Charles Rhyne has in fact established that this particular sketch was not made from East Bergholt House  or from its immediate vicinity, but from several hundred yards behind the house on the sloping ground which leads towards the Ryber, the stream running through East Bergholt Common. He notes a drawing from an 1812 sketchbook (Harold Day Collection) where the artist is looking back towards East Bergholt House and where we can see the valley from which this sketch was made.

It is one of a group of sketches from the Constable's house which focused on the rectory with its distinctive group of trees, the first being in 1808 (Fitzwilliam Museum, Cambridge). Another view towards the rectory taken from a window of the house was sketched on Sunday 20th September 1810 (John C. Johnson Collection, Philadelphia Museum of Art) and a similar view from a few years later is in the collection of Mr and Mrs David Thomson.

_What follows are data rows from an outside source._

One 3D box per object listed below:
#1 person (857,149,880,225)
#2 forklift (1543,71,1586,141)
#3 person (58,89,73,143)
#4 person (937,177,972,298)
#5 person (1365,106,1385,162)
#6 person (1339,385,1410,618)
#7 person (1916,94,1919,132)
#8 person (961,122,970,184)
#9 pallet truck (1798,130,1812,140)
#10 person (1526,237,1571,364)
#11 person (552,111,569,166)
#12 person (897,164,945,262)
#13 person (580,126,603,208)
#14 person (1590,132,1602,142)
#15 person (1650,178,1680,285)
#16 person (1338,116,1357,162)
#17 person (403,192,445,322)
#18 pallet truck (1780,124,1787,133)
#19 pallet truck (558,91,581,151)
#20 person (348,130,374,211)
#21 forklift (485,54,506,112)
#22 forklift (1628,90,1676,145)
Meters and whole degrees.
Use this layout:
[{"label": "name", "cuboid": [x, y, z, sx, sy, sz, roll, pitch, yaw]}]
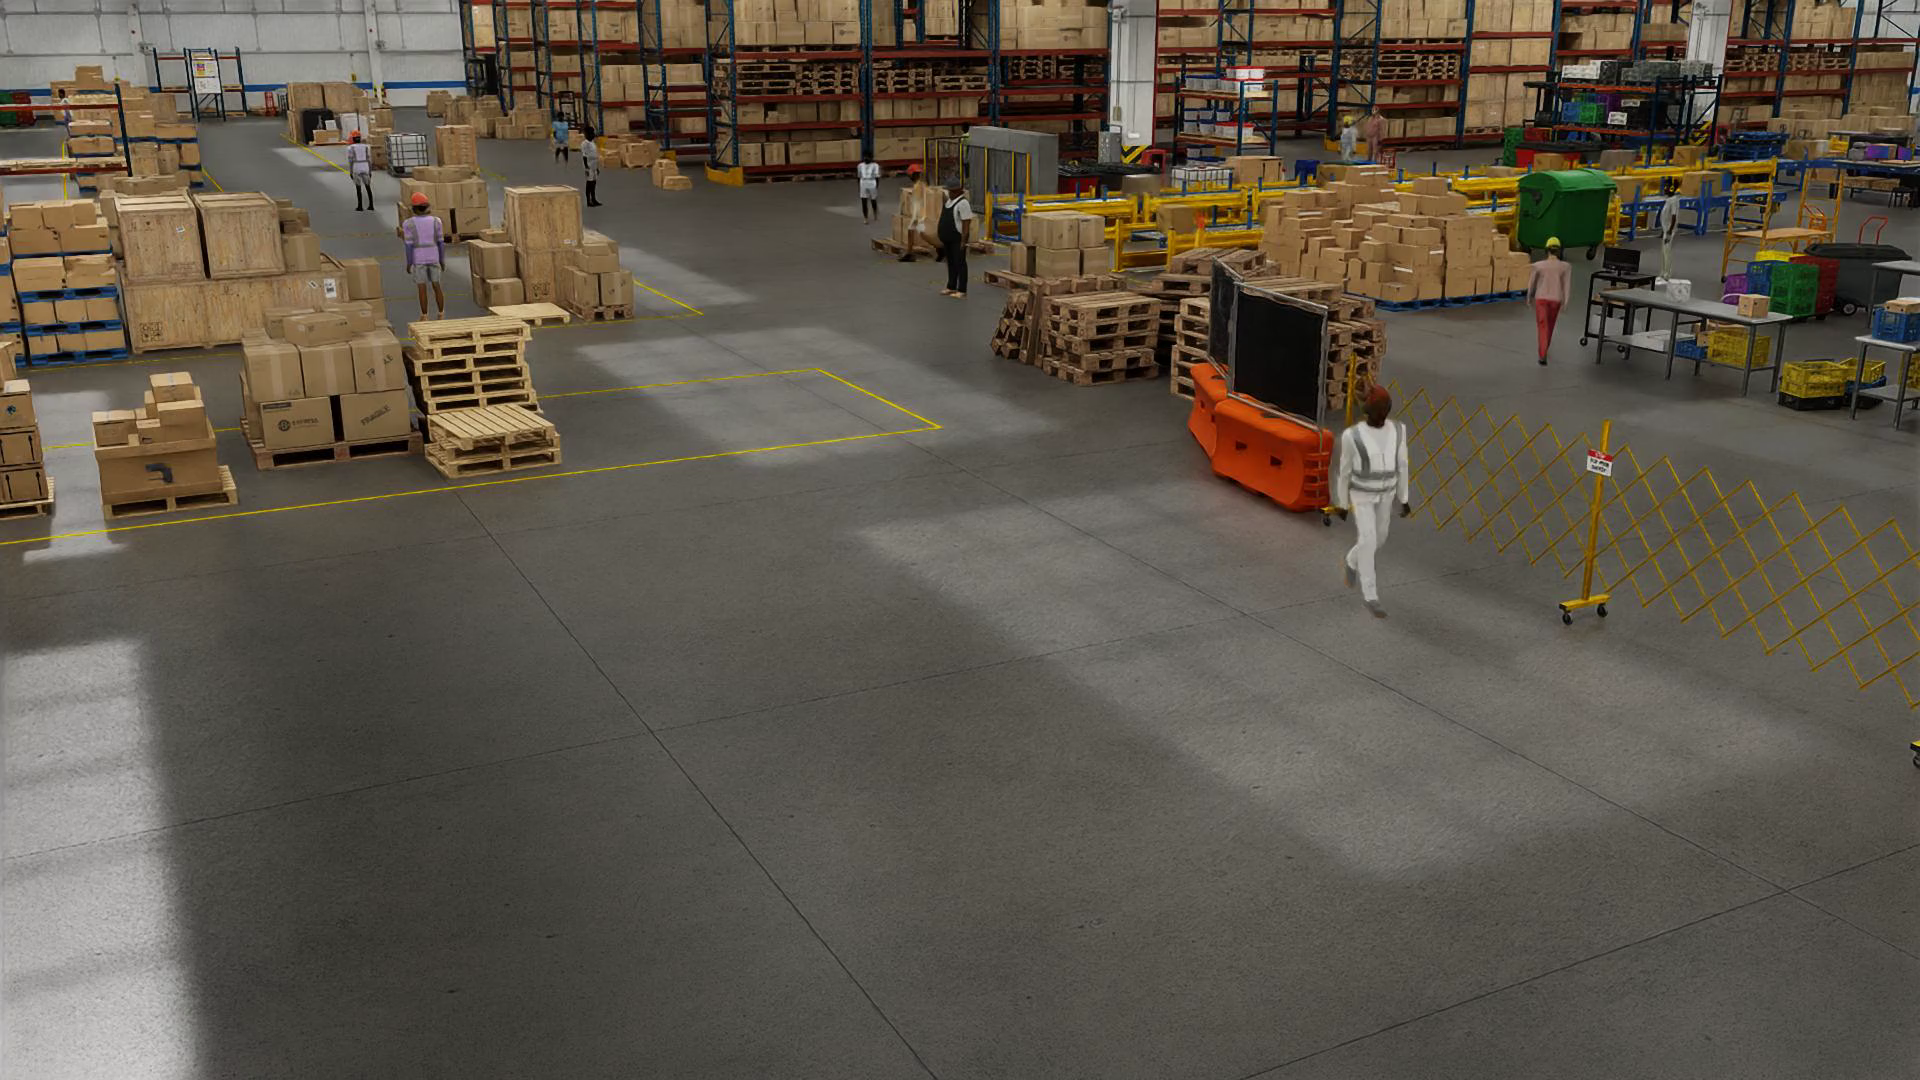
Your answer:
[{"label": "person", "cuboid": [-2.077, -8.046, 37.840, 0.543, 1.679, 0.607, 3, 18, 9]}, {"label": "forklift", "cuboid": [18.685, -13.231, 52.085, 1.873, 2.768, 1.129, -9, 20, -26]}, {"label": "person", "cuboid": [-32.371, -15.356, 60.279, 0.394, 1.911, 0.584, -12, 21, -33]}, {"label": "person", "cuboid": [-0.118, -5.125, 28.167, 0.536, 2.000, 0.684, -9, 20, -26]}, {"label": "person", "cuboid": [12.476, -12.127, 50.211, 0.408, 1.909, 0.638, -11, 21, -31]}, {"label": "person", "cuboid": [3.348, -0.371, 13.634, 0.575, 1.863, 0.864, -6, 19, -18]}, {"label": "person", "cuboid": [38.204, -17.127, 65.821, 0.623, 1.900, 0.984, 12, 21, 32]}, {"label": "person", "cuboid": [0.160, -10.795, 46.390, 0.315, 1.700, 0.540, -4, 18, -12]}, {"label": "pallet truck", "cuboid": [25.526, -11.556, 49.408, 1.630, 1.274, 0.653, -9, 20, -26]}, {"label": "person", "cuboid": [8.158, -3.341, 23.111, 0.537, 1.712, 0.917, 3, 18, 9]}, {"label": "person", "cuboid": [-12.364, -12.446, 51.552, 0.545, 1.685, 0.545, -10, 21, -30]}, {"label": "person", "cuboid": [-0.716, -6.272, 31.999, 0.931, 1.893, 0.553, 0, 18, 2]}, {"label": "person", "cuboid": [-9.078, -9.188, 40.953, 0.367, 1.966, 0.607, 5, 18, 14]}, {"label": "person", "cuboid": [20.706, -13.172, 53.962, 0.857, 1.590, 0.500, -2, 18, -6]}, {"label": "person", "cuboid": [12.530, -5.460, 29.484, 0.331, 1.874, 0.519, 5, 18, 14]}, {"label": "person", "cuboid": [10.957, -11.117, 47.212, 0.470, 1.808, 0.617, -9, 20, -25]}, {"label": "person", "cuboid": [-8.255, -4.327, 25.664, 0.615, 2.047, 0.357, -13, 22, -36]}, {"label": "pallet truck", "cuboid": [25.206, -12.542, 52.601, 1.601, 1.201, 0.680, 0, 18, -2]}, {"label": "pallet truck", "cuboid": [-13.495, -14.412, 57.188, 0.823, 1.965, 1.885, -3, 18, -9]}, {"label": "person", "cuboid": [-14.509, -8.939, 40.248, 0.540, 1.929, 0.391, -15, 23, -38]}, {"label": "forklift", "cuboid": [-20.050, -19.454, 71.483, 1.873, 2.768, 1.129, -9, 20, -26]}, {"label": "forklift", "cuboid": [24.454, -15.136, 58.021, 1.873, 2.768, 1.129, -9, 20, -26]}]
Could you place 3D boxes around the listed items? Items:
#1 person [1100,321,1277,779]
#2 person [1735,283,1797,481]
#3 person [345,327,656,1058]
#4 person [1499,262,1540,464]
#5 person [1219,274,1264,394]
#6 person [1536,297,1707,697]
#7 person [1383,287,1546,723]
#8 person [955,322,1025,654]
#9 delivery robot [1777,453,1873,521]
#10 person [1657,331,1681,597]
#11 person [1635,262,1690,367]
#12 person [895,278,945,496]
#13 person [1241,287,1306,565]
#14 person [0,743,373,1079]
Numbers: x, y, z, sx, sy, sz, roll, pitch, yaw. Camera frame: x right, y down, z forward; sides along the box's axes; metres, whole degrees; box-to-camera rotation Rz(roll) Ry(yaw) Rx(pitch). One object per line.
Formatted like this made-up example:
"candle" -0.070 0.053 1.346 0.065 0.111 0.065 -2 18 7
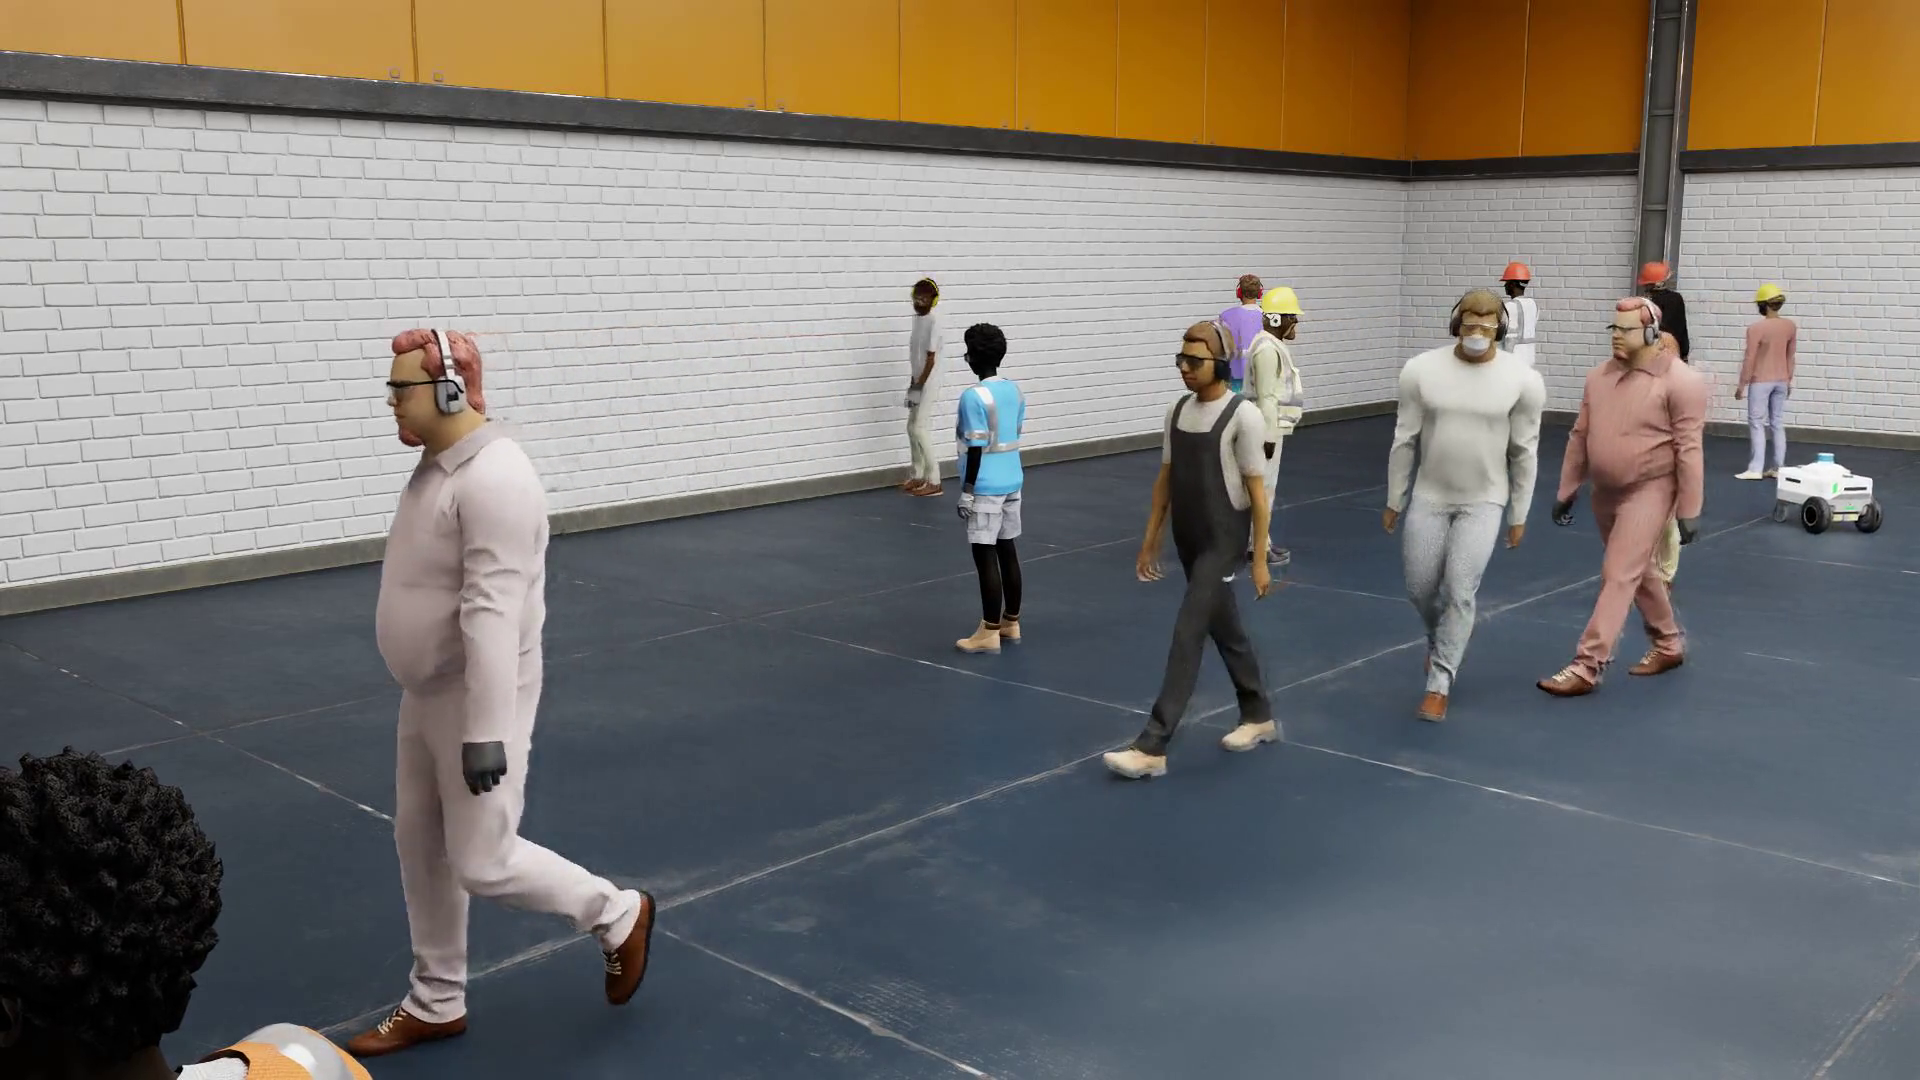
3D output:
"person" 0.968 0.024 6.651 0.961 1.795 0.527 -6 12 -31
"person" 7.211 -1.408 14.885 0.535 1.766 0.330 -3 10 -17
"person" -1.209 0.395 4.277 0.712 1.884 0.653 -7 12 -35
"person" 5.337 -1.699 16.046 0.547 1.938 0.377 -10 14 -44
"person" 2.546 -1.416 14.695 0.569 1.845 0.384 -2 10 -12
"person" 3.143 -0.212 7.840 1.017 1.855 0.666 -4 11 -22
"person" 2.238 -0.169 7.407 0.663 1.911 0.623 4 11 24
"person" 0.147 -0.266 8.564 0.317 1.698 0.540 5 11 28
"delivery robot" 6.396 -0.399 12.313 0.477 0.478 0.707 -1 10 -8
"person" 4.003 -0.400 9.627 0.502 1.591 0.842 8 13 39
"person" 7.077 -1.824 16.778 0.713 1.934 0.421 -6 12 -31
"person" -0.319 -1.283 13.996 0.360 1.833 0.584 -3 11 -18
"person" 2.052 -0.745 10.956 0.403 1.825 0.591 2 10 10
"person" -0.659 0.998 1.398 0.320 1.694 0.531 3 10 17

The year 1810 marked a radical change in the character of Constable's oil sketches. They became more vigorous and colourful, with often spectacular contrasts of light, and the rapid sketching resulted often in a picture which rather than just describing a scene, suggested its atmosphere. Charles Rhyne has written in detail about this picture and its relation to other work of that period: "This exuberant sketch shares the juicy pigmentation, bold brushwork, and extensive use of black and yellow highlights seen most comparably in two sketches dated 1810. As with others in this astonishingly original group, this sketch would not have been possible previous to Constable's dramatic 1810 innovations...".